> _Data_
*** Begin section ***

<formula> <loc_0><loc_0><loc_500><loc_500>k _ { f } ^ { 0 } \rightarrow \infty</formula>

*** End section ***
*** Begin section ***

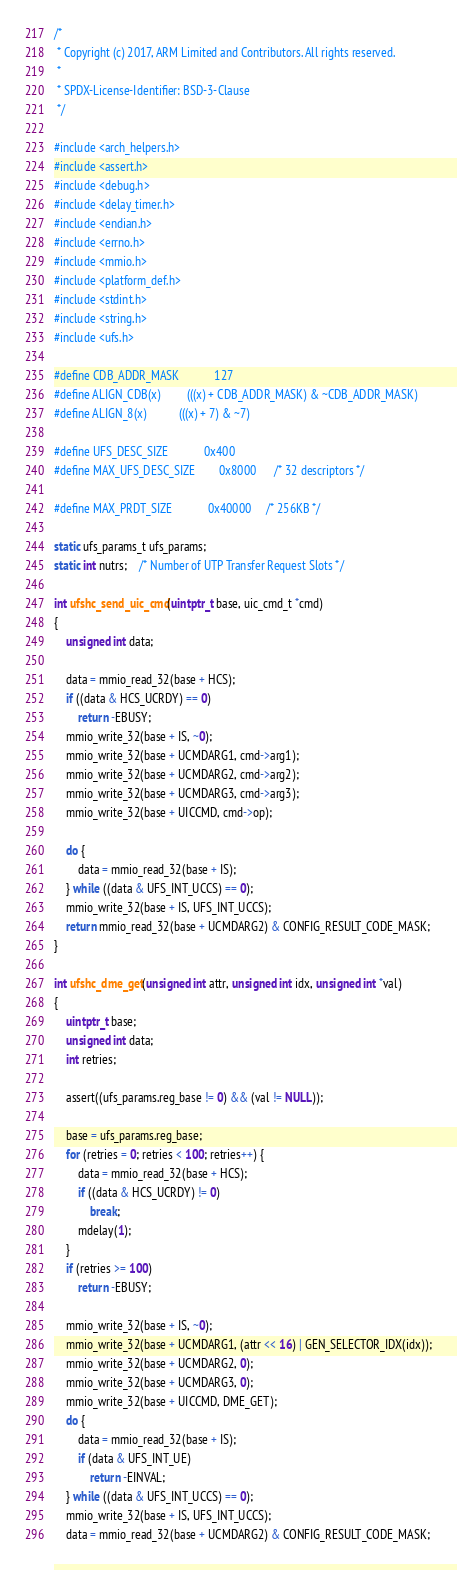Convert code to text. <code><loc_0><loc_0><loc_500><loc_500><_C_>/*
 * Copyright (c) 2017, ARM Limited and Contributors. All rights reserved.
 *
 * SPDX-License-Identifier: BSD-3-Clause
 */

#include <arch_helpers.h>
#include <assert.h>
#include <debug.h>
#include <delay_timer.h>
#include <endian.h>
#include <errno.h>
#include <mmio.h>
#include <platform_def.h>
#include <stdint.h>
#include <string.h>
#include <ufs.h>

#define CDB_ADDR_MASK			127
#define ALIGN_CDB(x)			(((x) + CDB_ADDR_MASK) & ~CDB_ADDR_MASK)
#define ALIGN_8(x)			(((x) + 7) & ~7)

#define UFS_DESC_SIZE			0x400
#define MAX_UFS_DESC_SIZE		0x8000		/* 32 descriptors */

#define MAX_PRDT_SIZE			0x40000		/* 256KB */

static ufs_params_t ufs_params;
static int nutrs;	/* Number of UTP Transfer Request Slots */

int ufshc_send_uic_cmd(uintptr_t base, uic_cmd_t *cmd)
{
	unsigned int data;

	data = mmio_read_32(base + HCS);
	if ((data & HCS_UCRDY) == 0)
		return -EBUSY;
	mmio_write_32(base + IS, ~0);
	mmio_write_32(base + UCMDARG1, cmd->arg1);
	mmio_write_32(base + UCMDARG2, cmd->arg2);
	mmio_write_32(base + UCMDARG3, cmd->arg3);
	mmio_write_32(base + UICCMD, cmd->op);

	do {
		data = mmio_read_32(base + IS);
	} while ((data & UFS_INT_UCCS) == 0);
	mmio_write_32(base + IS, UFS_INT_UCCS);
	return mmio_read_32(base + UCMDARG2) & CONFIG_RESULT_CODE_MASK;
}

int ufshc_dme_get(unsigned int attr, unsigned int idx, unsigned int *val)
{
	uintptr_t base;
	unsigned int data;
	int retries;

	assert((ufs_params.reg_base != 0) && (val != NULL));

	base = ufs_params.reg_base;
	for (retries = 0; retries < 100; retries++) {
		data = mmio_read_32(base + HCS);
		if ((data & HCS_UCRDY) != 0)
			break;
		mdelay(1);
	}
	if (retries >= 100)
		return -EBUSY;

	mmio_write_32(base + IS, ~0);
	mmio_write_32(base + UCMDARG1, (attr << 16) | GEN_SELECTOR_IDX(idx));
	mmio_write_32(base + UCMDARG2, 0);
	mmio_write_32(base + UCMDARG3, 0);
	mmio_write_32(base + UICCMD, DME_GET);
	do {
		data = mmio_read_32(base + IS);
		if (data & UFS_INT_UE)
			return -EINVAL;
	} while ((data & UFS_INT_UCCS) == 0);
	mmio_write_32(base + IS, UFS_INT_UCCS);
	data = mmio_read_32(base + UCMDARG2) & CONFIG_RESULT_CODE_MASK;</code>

*** End section ***

> _Your goal_
Output the material above exactly, but only from the line that carries "int ufshc_dme_get(unsigned int" through the line that carries "data = mmio_read_32(base + UCMDARG2)".

> _Answer to this problem_
int ufshc_dme_get(unsigned int attr, unsigned int idx, unsigned int *val)
{
	uintptr_t base;
	unsigned int data;
	int retries;

	assert((ufs_params.reg_base != 0) && (val != NULL));

	base = ufs_params.reg_base;
	for (retries = 0; retries < 100; retries++) {
		data = mmio_read_32(base + HCS);
		if ((data & HCS_UCRDY) != 0)
			break;
		mdelay(1);
	}
	if (retries >= 100)
		return -EBUSY;

	mmio_write_32(base + IS, ~0);
	mmio_write_32(base + UCMDARG1, (attr << 16) | GEN_SELECTOR_IDX(idx));
	mmio_write_32(base + UCMDARG2, 0);
	mmio_write_32(base + UCMDARG3, 0);
	mmio_write_32(base + UICCMD, DME_GET);
	do {
		data = mmio_read_32(base + IS);
		if (data & UFS_INT_UE)
			return -EINVAL;
	} while ((data & UFS_INT_UCCS) == 0);
	mmio_write_32(base + IS, UFS_INT_UCCS);
	data = mmio_read_32(base + UCMDARG2) & CONFIG_RESULT_CODE_MASK;</code>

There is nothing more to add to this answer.